Exercise requirements: Every entry is to be transcribed as it stands. Images stay out.

Data items:
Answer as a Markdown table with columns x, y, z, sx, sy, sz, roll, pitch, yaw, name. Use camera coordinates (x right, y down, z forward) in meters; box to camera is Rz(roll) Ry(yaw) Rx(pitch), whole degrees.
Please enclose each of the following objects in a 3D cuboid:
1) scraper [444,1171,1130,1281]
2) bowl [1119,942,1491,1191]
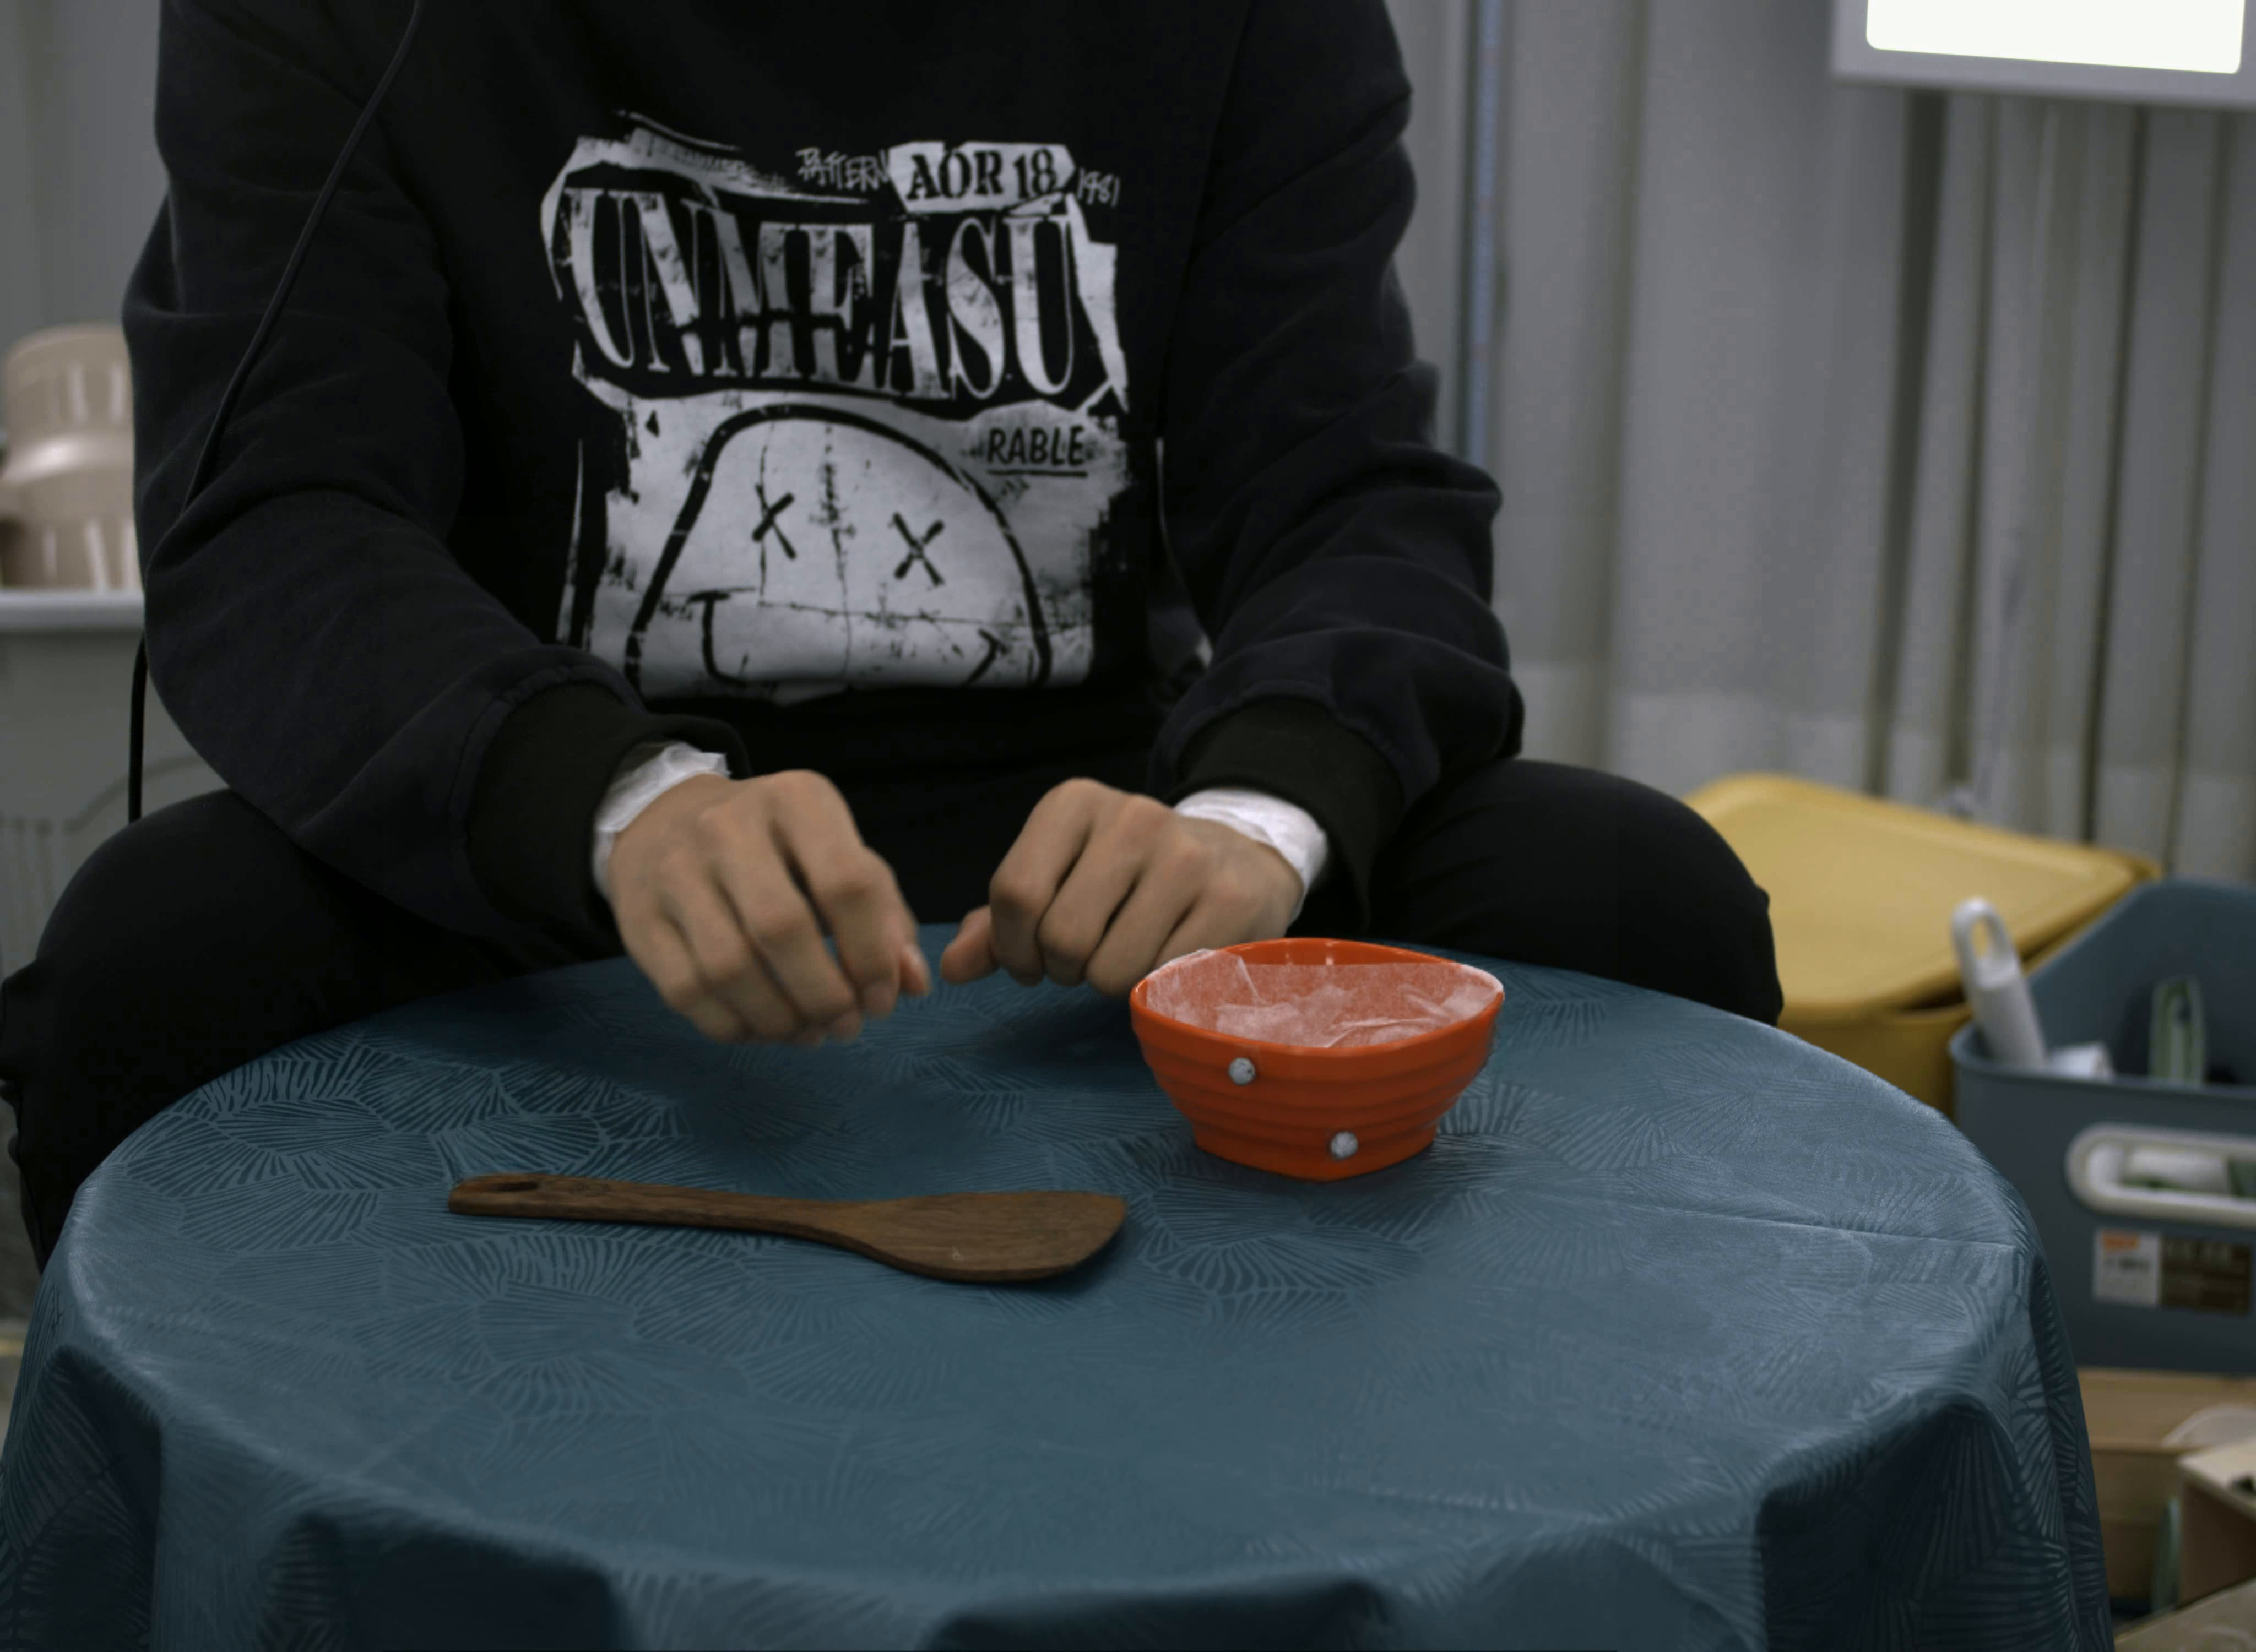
| x | y | z | sx | sy | sz | roll | pitch | yaw | name |
| --- | --- | --- | --- | --- | --- | --- | --- | --- | --- |
| -0.105 | 0.117 | 1.590 | 0.210 | 0.011 | 0.076 | 4 | 15 | 12 | scraper |
| 0.057 | 0.079 | 1.669 | 0.118 | 0.052 | 0.118 | -3 | 18 | 1 | bowl |

Answer to the problem:
Answer as a Markdown table with columns x, y, z, sx, sy, sz, roll, pitch, yaw, name. Use camera coordinates (x right, y down, z forward) in meters; box to camera is Rz(roll) Ry(yaw) Rx(pitch), whole degrees.
Please enclose each of the following objects in a 3D cuboid:
1) scraper [444,1171,1130,1281]
2) bowl [1119,942,1491,1191]
| x | y | z | sx | sy | sz | roll | pitch | yaw | name |
| --- | --- | --- | --- | --- | --- | --- | --- | --- | --- |
| -0.105 | 0.117 | 1.590 | 0.210 | 0.011 | 0.076 | 4 | 15 | 12 | scraper |
| 0.057 | 0.079 | 1.669 | 0.118 | 0.052 | 0.118 | -3 | 18 | 1 | bowl |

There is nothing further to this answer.